Find the line that contains "Identify some key". Repeat that line and all lines following it, exactly, through the end of the listing below.

====== Record extracts

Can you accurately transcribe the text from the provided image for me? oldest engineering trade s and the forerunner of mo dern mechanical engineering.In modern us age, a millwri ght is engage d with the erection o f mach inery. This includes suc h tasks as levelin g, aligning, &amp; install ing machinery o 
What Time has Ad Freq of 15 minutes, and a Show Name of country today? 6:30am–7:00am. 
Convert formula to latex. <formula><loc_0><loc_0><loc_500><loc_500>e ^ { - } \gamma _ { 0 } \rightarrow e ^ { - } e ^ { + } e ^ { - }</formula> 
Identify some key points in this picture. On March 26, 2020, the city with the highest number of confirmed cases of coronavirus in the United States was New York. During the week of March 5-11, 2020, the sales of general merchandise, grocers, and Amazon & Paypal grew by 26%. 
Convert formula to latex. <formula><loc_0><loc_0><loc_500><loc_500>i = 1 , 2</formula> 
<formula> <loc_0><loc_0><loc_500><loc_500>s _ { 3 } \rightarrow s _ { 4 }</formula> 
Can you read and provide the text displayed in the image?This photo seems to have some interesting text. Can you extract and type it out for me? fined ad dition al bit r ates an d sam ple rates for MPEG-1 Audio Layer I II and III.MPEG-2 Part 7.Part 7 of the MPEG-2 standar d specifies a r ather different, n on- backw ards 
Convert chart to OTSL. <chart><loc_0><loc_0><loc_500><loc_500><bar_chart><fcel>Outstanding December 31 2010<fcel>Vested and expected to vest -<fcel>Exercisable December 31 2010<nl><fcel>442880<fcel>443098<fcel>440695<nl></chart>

============

**Task result:**
Identify some key points in this picture. On March 26, 2020, the city with the highest number of confirmed cases of coronavirus in the United States was New York. During the week of March 5-11, 2020, the sales of general merchandise, grocers, and Amazon & Paypal grew by 26%. 
Convert formula to latex. <formula><loc_0><loc_0><loc_500><loc_500>i = 1 , 2</formula> 
<formula> <loc_0><loc_0><loc_500><loc_500>s _ { 3 } \rightarrow s _ { 4 }</formula> 
Can you read and provide the text displayed in the image?This photo seems to have some interesting text. Can you extract and type it out for me? fined ad dition al bit r ates an d sam ple rates for MPEG-1 Audio Layer I II and III.MPEG-2 Part 7.Part 7 of the MPEG-2 standar d specifies a r ather different, n on- backw ards 
Convert chart to OTSL. <chart><loc_0><loc_0><loc_500><loc_500><bar_chart><fcel>Outstanding December 31 2010<fcel>Vested and expected to vest -<fcel>Exercisable December 31 2010<nl><fcel>442880<fcel>443098<fcel>440695<nl></chart>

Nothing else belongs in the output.